Mathematical rule-based calculations or cryptographic algorithms are used in cryptographic key generation, digital signing, verification, encryption, decryption, hashing and other operations in order to protect data privacy, web browsing on the internet, as well as in confidential communication like credit card transactions and emails. Cryptography is an advanced tech domain that contributes significantly to shaping the knowledge economy in any country – a core national priority for the UAE.

The main purpose of establishing the Cryptography Research Centre (CRC) at TII is to conduct advanced research and development across multiple areas of cryptography, fundamental as well as applied cryptographic disciplines. These include design and development of classical crypto libraries, post-quantum cryptography, as well as lightweight cryptography. In addition, we are exploring cryptography for the cloud, confidential computing and privacy preserving schemes, hardware-based cryptography, cryptanalysis, and cryptographic protocols.

With the core parameters defining data compilation, storage and transfer changing dramatically, along with the convenience, ease and efficiency we enjoy comes the inherent challenge of security breaches and data becoming compromised. Cryptography as a field is poised to grow – the US Bureau of Labor Statistics (BLS), projects a 28% job growth in the information security field between 2016 and 2026, a figure that’s significantly higher than the 7% job growth BLS predicts for the average profession.

Any business that views security as critical, will realise the importance of having sovereign cryptographic technologies and achieving technological breakthroughs.

Can you tell me a bit about your background and your interest in cryptography?

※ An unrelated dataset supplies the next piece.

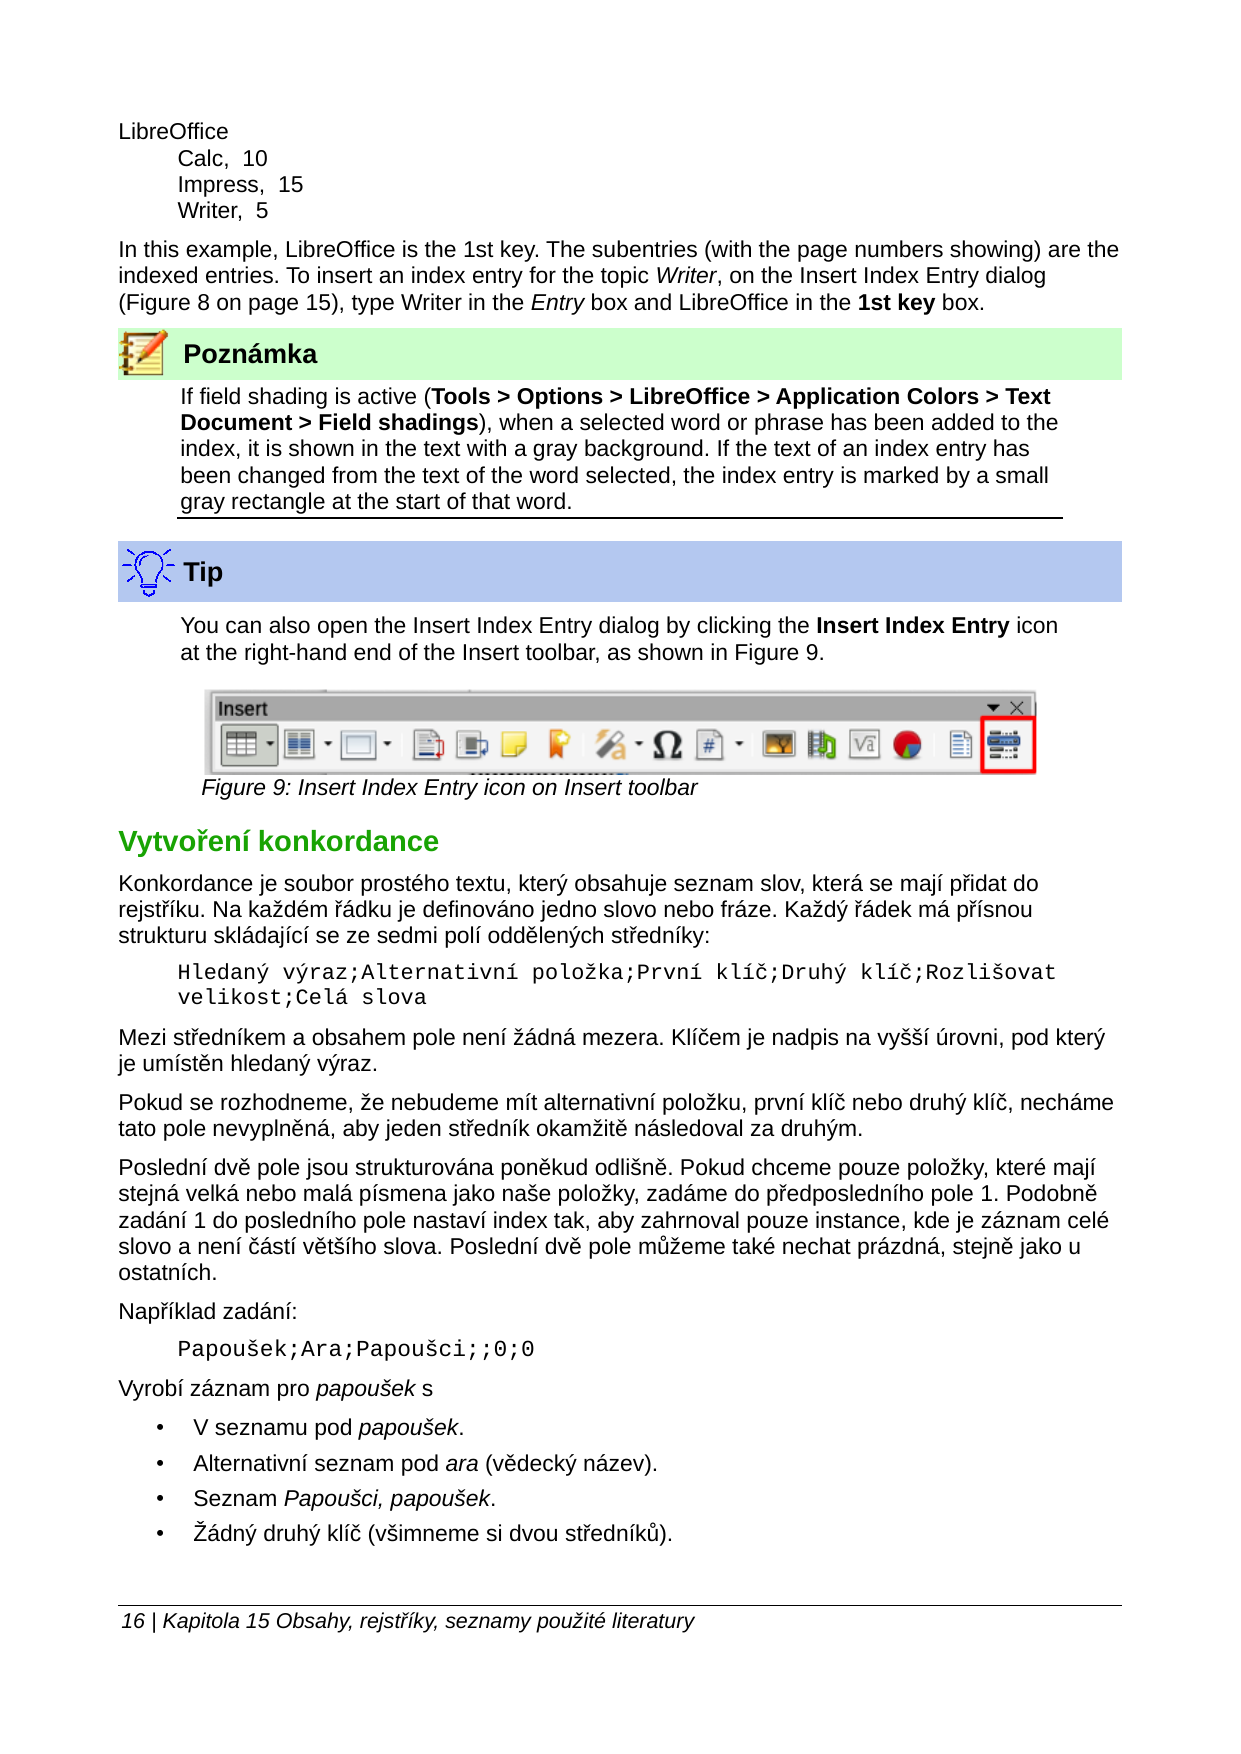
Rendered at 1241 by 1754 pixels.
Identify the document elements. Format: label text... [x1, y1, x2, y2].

I hold a PhD with Highest Distinction in Applied Cryptography and Embedded Systems Security from Princeton University, USA. I also have extensive expertise in applied cryptography, trusted platforms, security architecture for embedded systems, software exploit detection and prevention systems, and biometrics. I hold more than 15 years of experience in working with global firms across multiple geographies from Australia to the United States.

As chief researcher of Cryptography Research Centre (CRC) at the Technology Innovation Institute, I lead R & D of cryptographic technologies, including post-quantum cryptography (PQC) software libraries and hardware implementation, privacy preserving cloud schemes, as well as lightweight cryptographic libraries for embedded and RF systems, among the fields I highlighted earlier. I sit on the board of multiple security and machine learning based start-ups – primarily in the US.

What are the plans for the library going forward – are there any particular areas of interest they will be focusing on?

We are continuously working on our sovereign classical and post quantum cryptographic libraries and their maintenance. We will support the advancing of software and hardware platforms and also ensure support for standards as and when they come through. In addition, we are working on further integrations within the country’s digital infrastructure and also collaborating to support international client requirements.